Opposing opt-in CCAs
Sonoma Clean Power staff and consultants have previously cited a highly functional relationship with PG&E. Yet Mr. Syphers said a new PG&E-supported measure making its way through the California legislature, Assembly Bill 2145, could deal a major blow to the potential for success from future CCA-type agencies.
The bill would require that potential customers are not automatically enrolled in a CCA, and instead must “opt-in” to the service.
Mr. Syphers said that the opt-out structure is fair given the lack of choice that most ratepayers in California have in selecting electricity service from PG&E, which provides that utility with a competitive advantage. He argued that lower-income ratepayers may be among those who lack sufficient access to information concerning enrollment in a CCA, and that the opt-out structure provides an additional level of confidence for power wholesalers during purchase negotiations.
“It’s not a surprise,” said Mr. Syphers, recounting the utility’s opposition to Marin Clean Energy and Sonoma Clean Power’s recent lobbying efforts in Sacramento against the bill.

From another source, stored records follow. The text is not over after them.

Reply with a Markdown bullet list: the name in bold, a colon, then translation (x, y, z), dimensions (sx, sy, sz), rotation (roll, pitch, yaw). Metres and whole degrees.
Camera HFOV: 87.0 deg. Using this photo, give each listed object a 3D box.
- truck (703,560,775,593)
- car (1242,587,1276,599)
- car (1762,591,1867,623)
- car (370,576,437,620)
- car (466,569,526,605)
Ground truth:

Credit for feeding the grid
Among the areas of heightened interest for the Sonoma County business community has been the prospect of a favorable treatment for those who produce excess power from photovoltaic or other systems. Those arrangements are currently under development and are expected to go before the board again on May 15.

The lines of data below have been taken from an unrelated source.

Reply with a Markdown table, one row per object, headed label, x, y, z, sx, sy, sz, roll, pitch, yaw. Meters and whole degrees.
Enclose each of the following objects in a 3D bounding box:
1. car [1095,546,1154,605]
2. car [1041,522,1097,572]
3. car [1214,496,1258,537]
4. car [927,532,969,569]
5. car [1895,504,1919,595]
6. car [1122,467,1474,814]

Sonoma Clean Power offers a primary “CleanStart” program including a one-third renewable energy mix as a baseline, as well as a 100 percent renewable “EverGreen” program at a 3.5-cent-per-kilowatt-hour premium. That premium currently goes to pay the additional cost of energy from Calpine but has been proposed for allocation to a fund for certain incentive programs.

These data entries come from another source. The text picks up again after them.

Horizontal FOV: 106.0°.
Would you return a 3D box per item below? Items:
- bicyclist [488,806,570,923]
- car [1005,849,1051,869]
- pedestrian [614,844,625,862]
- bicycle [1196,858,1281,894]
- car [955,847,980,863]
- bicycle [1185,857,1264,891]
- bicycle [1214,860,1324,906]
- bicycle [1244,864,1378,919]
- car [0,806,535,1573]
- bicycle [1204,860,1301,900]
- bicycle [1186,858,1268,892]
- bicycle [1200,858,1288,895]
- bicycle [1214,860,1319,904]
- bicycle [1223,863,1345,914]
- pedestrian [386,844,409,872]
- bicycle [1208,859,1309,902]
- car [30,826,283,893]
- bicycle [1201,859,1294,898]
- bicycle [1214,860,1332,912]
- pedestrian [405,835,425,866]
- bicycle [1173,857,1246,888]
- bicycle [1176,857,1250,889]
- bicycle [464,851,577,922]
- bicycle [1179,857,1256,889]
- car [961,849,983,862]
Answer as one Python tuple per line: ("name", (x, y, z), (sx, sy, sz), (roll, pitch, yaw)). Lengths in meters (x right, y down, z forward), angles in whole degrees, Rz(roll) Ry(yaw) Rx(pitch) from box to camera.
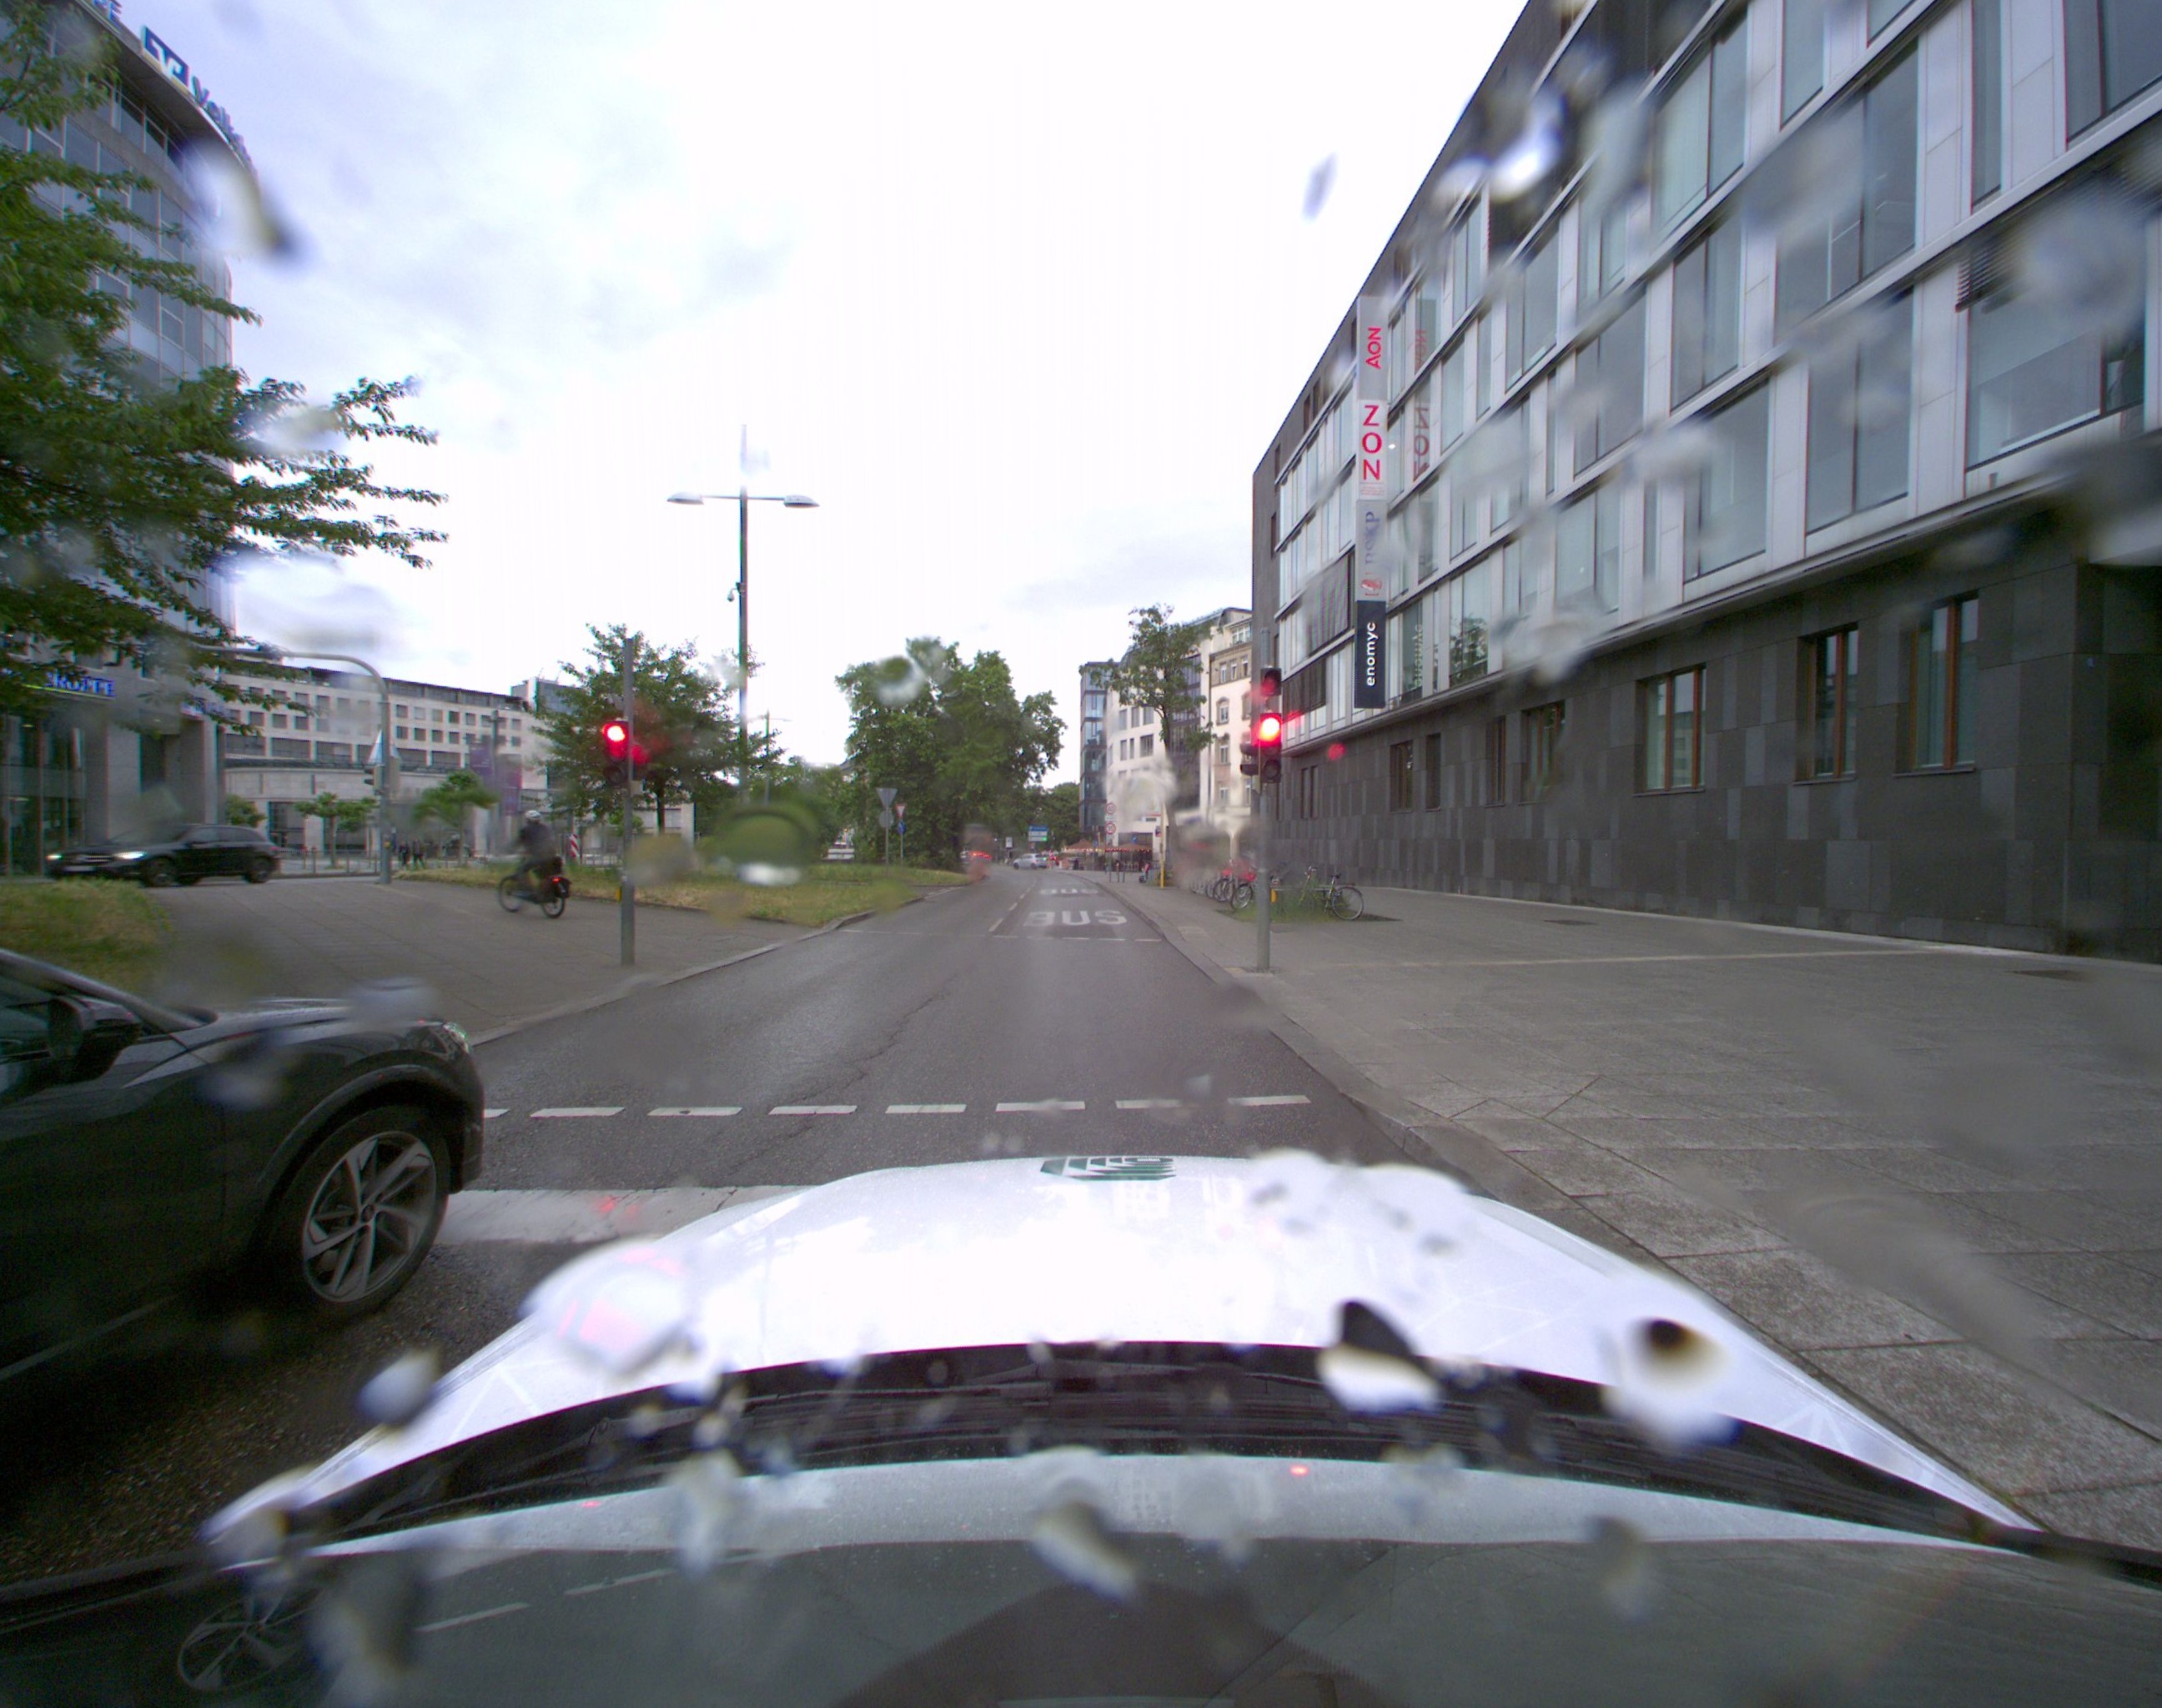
("bicyclist", (-10.284, 0.174, 15.169), (1.072, 2.082, 0.767), (3, 1, 26))
("car", (-5.183, 0.483, 79.085), (3.949, 1.647, 2.012), (4, 0, 36))
("pedestrian", (-50.837, -0.111, 89.693), (0.788, 2.014, 0.738), (2, 0, -7))
("bicycle", (4.933, 0.672, 25.588), (2.530, 1.087, 0.677), (-1, 0, -3))
("car", (-12.948, 0.088, 92.813), (2.167, 1.706, 4.529), (0, 0, -16))
("bicycle", (4.779, 0.656, 27.185), (2.530, 1.087, 0.677), (-1, 0, -3))
("bicycle", (4.596, 0.705, 19.976), (2.530, 1.087, 0.677), (-1, 0, -3))
("bicycle", (4.629, 0.748, 16.467), (2.530, 1.057, 0.677), (0, 0, -3))
("car", (-3.171, 0.699, 1.302), (1.843, 1.616, 4.248), (1, 1, -3))
("bicycle", (4.725, 0.703, 22.507), (2.530, 1.060, 0.677), (-1, 0, -3))
("bicycle", (4.720, 0.672, 26.433), (2.530, 1.087, 0.677), (-1, 0, -3))
("bicycle", (4.913, 0.673, 24.610), (2.530, 1.087, 0.677), (-1, 0, -3))
("bicycle", (4.722, 0.705, 20.829), (2.530, 1.087, 0.677), (-1, 0, -3))
("bicycle", (4.449, 0.751, 17.949), (2.530, 1.087, 0.677), (0, 0, -3))
("pedestrian", (-39.058, 0.221, 46.562), (0.729, 1.516, 0.688), (-2, 0, -14))
("bicycle", (4.691, 0.701, 21.641), (2.530, 1.087, 0.677), (-1, 0, -3))
("car", (-23.314, 0.133, 20.854), (1.803, 1.486, 4.372), (2, 0, -8))
("bicycle", (4.783, 0.688, 23.415), (2.530, 1.087, 0.677), (-1, 0, -3))
("bicycle", (4.398, 0.723, 18.755), (2.530, 1.087, 0.677), (2, 0, -3))
("pedestrian", (-38.403, -0.210, 46.956), (0.621, 1.763, 0.721), (-2, 0, -18))
("bicycle", (4.648, 0.668, 29.548), (2.530, 1.087, 0.627), (-1, 0, -3))
("bicycle", (4.661, 0.659, 28.825), (2.530, 1.087, 0.677), (-1, 0, -3))
("bicycle", (-10.518, 0.575, 15.280), (2.107, 1.145, 0.767), (3, 1, 26))
("bicycle", (4.684, 0.646, 28.077), (2.530, 1.087, 0.677), (-1, 0, -3))
("car", (-14.183, 0.202, 105.857), (2.184, 1.700, 3.978), (0, 0, -16))

Finding ways to support the creation of local programs and services connected to Sonoma Clean Power is expected to be a new area of focus for Santa Rosa-based Climate Protection Campaign, a group that has lobbied extensively for the creation of a CCA in Sonoma county since 2005, said Ann Hancock, executive director.
“How do we localize all of these resources?” said Ms. Hancock, whose group and supporters staged a large celebration outside of the formal meeting. “It’s not enough to have cleaner and cheaper power — we want to have local power, too.”
Nearly 260 customers have signed up for the EverGreen program to date — all prior to any marketing. Public outreach is expected to begin this summer.
Sonoma Clean Power has so far operated with $10 million in total financing from Santa Rosa-based First Community Bank, along with a $1.7 million loan from the Sonoma County Water Agency. The water agency first began researching the prospect of a CCA at the request of the Sonoma County Board of Supervisors in early 2011.
The board also discussed its proposed fiscal year 2014–2015 budget as a whole. The budget includes a proposed $600,000 cap for benefits from a potential feed-in tariff, and a net income of $3.2 million after regular business operations and debt service.
“This budget is exciting, because we actually have revenue,” said Mr. Syphers.